Il suffira d’une caresse pour attiser mon envie et de ton envie pour la faire éclore. Du coin de l’œil tu as saisi la sienne, avant que nos corps ne s’approchent, ne s’enlacent, que nos bouches ne se rejoignent. La surprise a laissé place à l’enthousiasme, un tâtonnement à une prise en main confiante. Mon corps est un océan de sensations qui se laisse caresser par des mains, des langues inconnues, qui prennent soin de moi. Et mes doigts effleurent des peaux, ma bouche engloutit des lèvres, ma langue se mêle à d’autres langues. Pourquoi en serait-il autrement pour toi ?

Si tu prends autant de plaisir à me voir en être inondé, la réciproque est vraie. Je veux voir tes mains donner du plaisir à d’autres peaux que la mienne, d’autres femmes te sucer et susciter l’excitation, la mienne, la tienne.

Tu es là quelque part dans cet entrelacs de bras, de jambes, d’intimité, de sens à faire exploser, de cris, de soupirs de plaisir. Je saisis ta présence alors que nous jouissons à différents endroits, à différents niveaux. Les corps se cherchent, se trouvent, corps d’hommes, de femmes. Les poitrines s’offrent aux bouches gourmandes. Les membres tendus s’approchent de ma bouche et je me laisse gagner par l’euphorie ambiante.

De l’extérieur, la scène doit être fascinante…

Né(s) pour le plaisir

J’aime sucer, lécher, être suspendue aux lèvres de tes envies, qui s’accordent aux miennes, sans toujours pouvoir se dire.

J’aime sentir ton corps prendre possession du mien, le faire plier, le soumettre à mes limites, celles dont tu sais que je peux m’affranchir.

J’aime sentir le plaisir monter en toi, te parcourir, inonder ton corps et avoir envie, encore.

J’aime la complicité qui nous unit quand l’environnement nous offre la liberté d’être sans artifice, quand nos envies s’accordent et se devinent, aux frissons sur nos peaux.

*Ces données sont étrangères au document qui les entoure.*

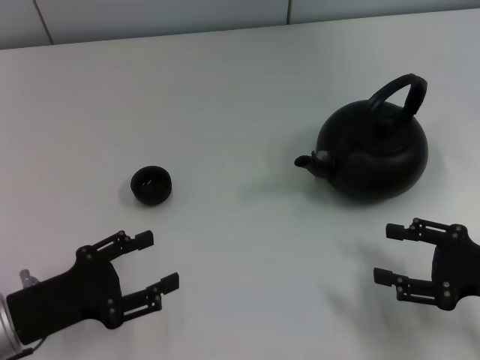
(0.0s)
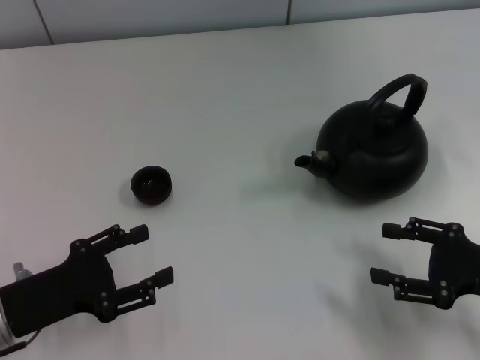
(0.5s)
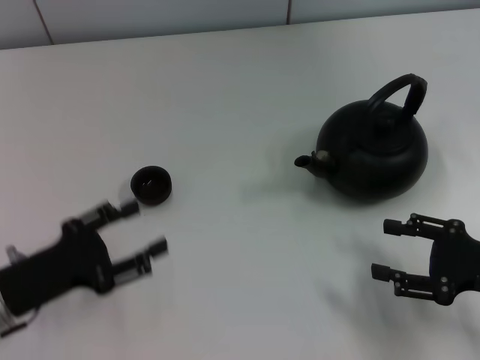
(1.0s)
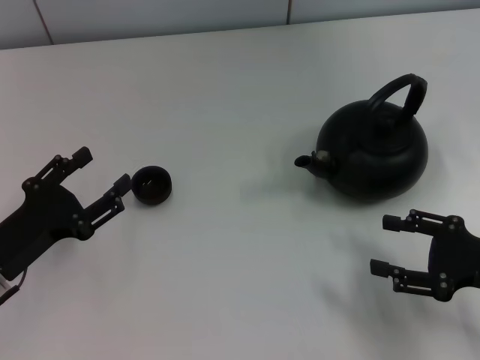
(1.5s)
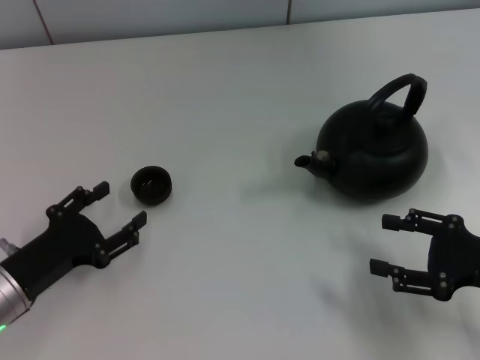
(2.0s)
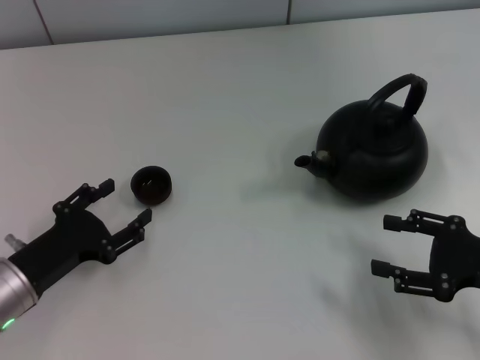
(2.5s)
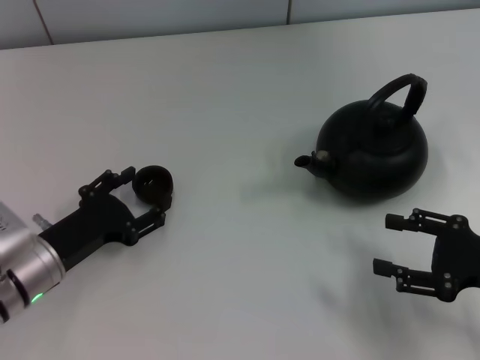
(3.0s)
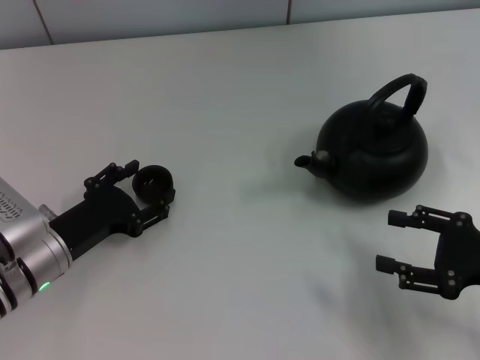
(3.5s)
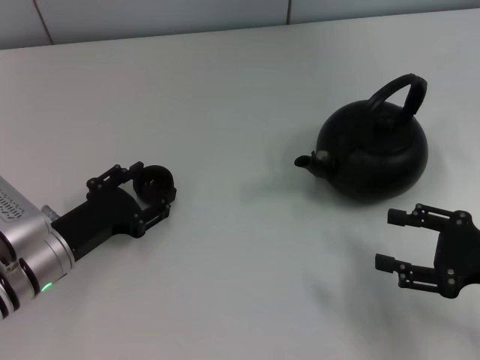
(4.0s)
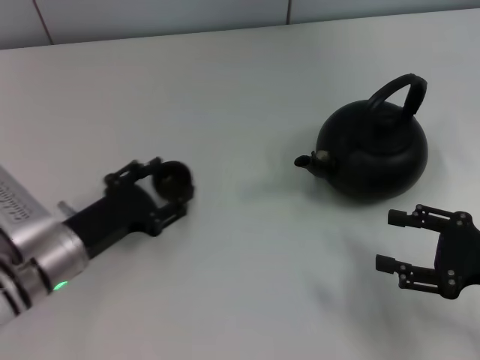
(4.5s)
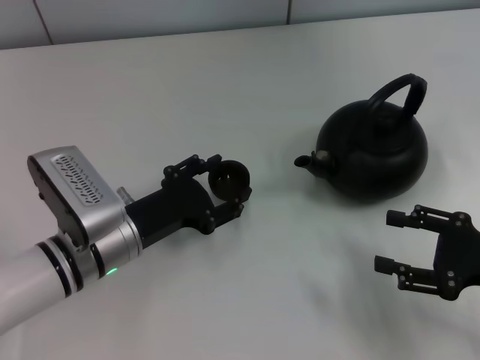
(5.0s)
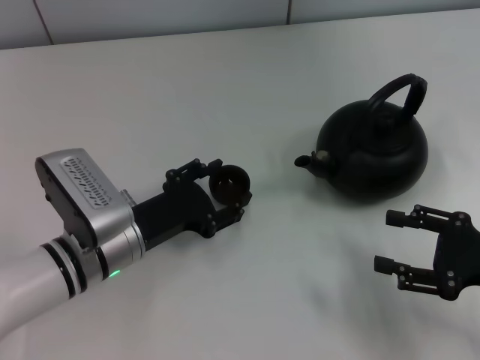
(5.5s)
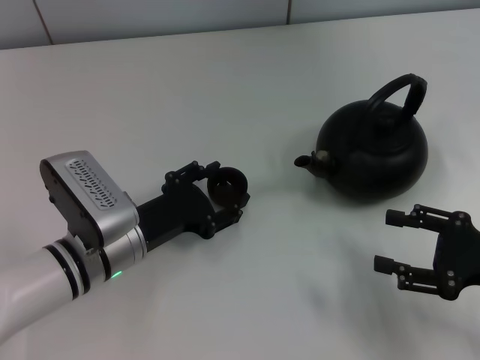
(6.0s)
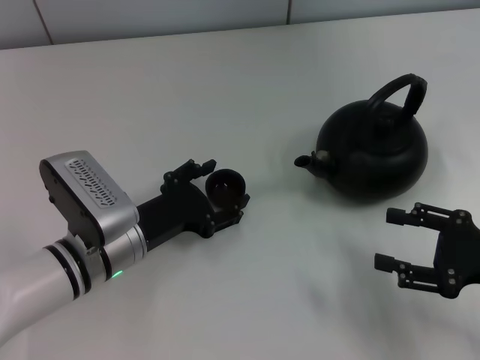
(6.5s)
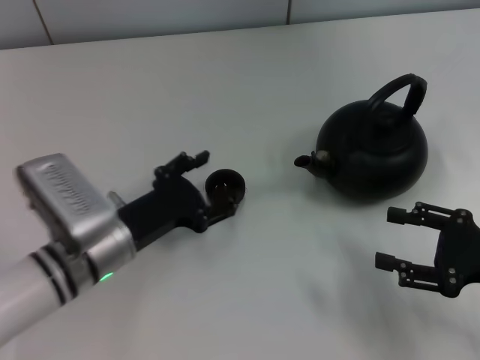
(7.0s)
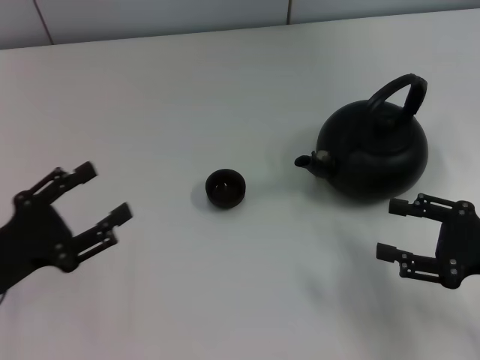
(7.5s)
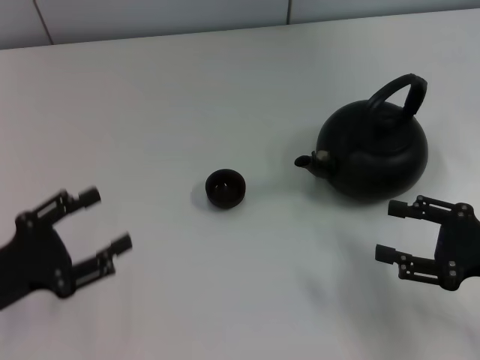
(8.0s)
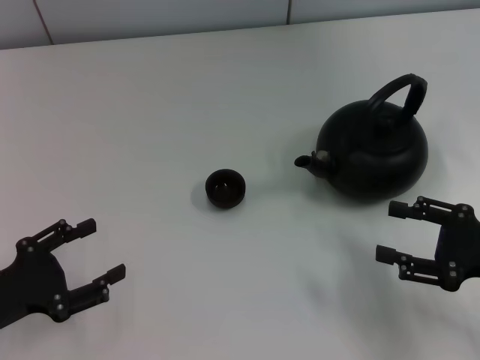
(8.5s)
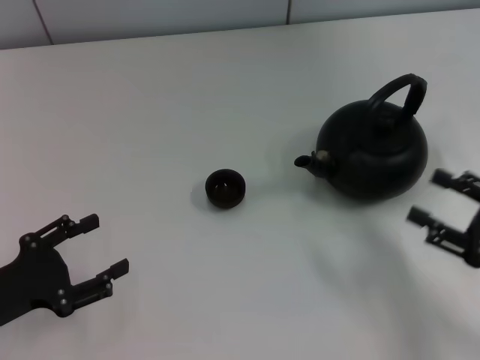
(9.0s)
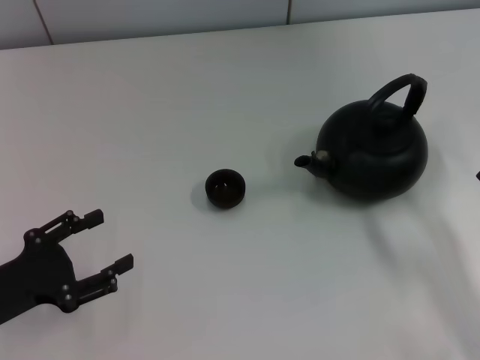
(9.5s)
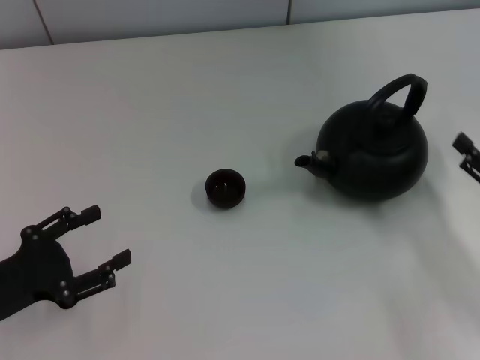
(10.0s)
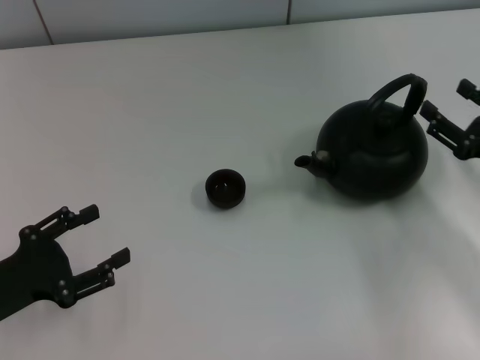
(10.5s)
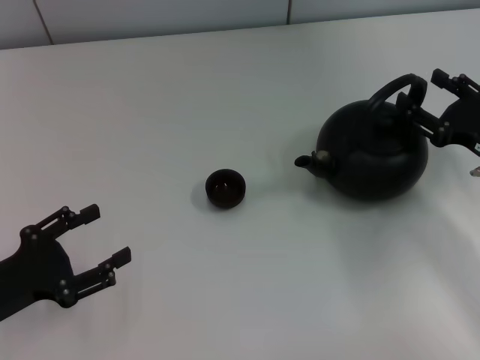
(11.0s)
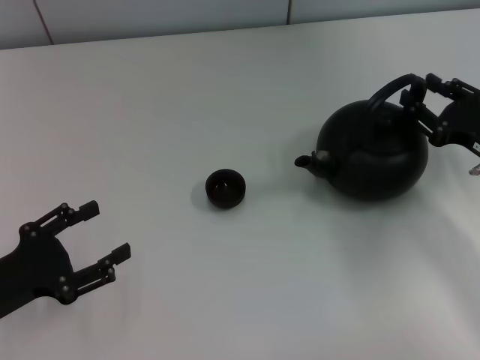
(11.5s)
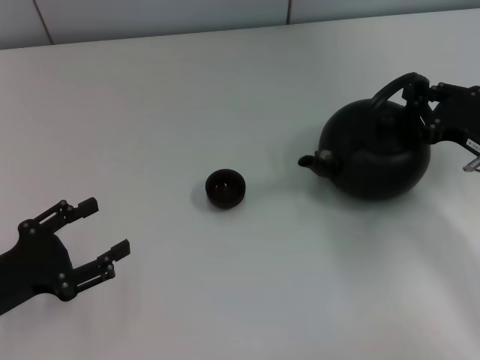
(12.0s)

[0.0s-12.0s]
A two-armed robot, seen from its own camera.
Task of the whole recording: Grasp the handle of the teapot with one hand and pour tea into the teacup.
Step, 0.0s to 4.5s: Pick up the teacup with the left gripper.
Step, 5.0s to 7.0s: Place the teacup in the center of view with the left gripper.
2.0s to 4.0s: The left gripper changes place by approximately 5 cm.
4.0s to 6.0s: The left gripper is displaced to the right by about 5 cm.
6.0s to 8.0s: The left gripper goes about 15 cm to the left and backward.
10.0s to 12.0s: The right gripper goes approximately 10 cm forward, and closes.

J’aime te sentir maître du jeu, m’abandonner totalement, m’en remettre à l’insolence de ton audace, la fermeté de tes mains, exhiber mon plaisir qui en murmures, soupirs, cris se décline.

Avec toi, je suis connectée à cette part de moi née pour le plaisir – cru, dense, intense, libéré.

Mélanges

Je veux ta bouche, là, au sommet du bas de mon corps. Sentir tes lèvres se promener sur mon ventre, à l’intérieur de mes cuisses. A partir de l’os la peau est sensible, elle n’attend que des caresses légères pour prendre son envol. Le toucher a le pouvoir d’envoyer des décharges de plaisir dans tout mes membres.

J’imagine ta bouche se poser sur mes lèvres, tes mains les écarter, tes doigts chercher délicatement l’entrée de mon intimité, ta langue s’abreuver à la source de mon envie grandissante, humide et frémissante.

Mon désir enfle entre mes cuisses. Tes lèvres l’aspirent et lui donnent un nouveau souffle. Tes doigts pétrissent la chair tendre, avant de glisser à l’intérieur, de se délecter des saveurs de mon antre qui t’accueille. Ta langue dessine les contours de mon clitoris, le sent se gonfler, se tendre.

Ta salive mélangée à ma cyprine dégagent une odeur excitante, qui rapprochent nos corps, pétris d’une envie de se posséder, de s’appartenir.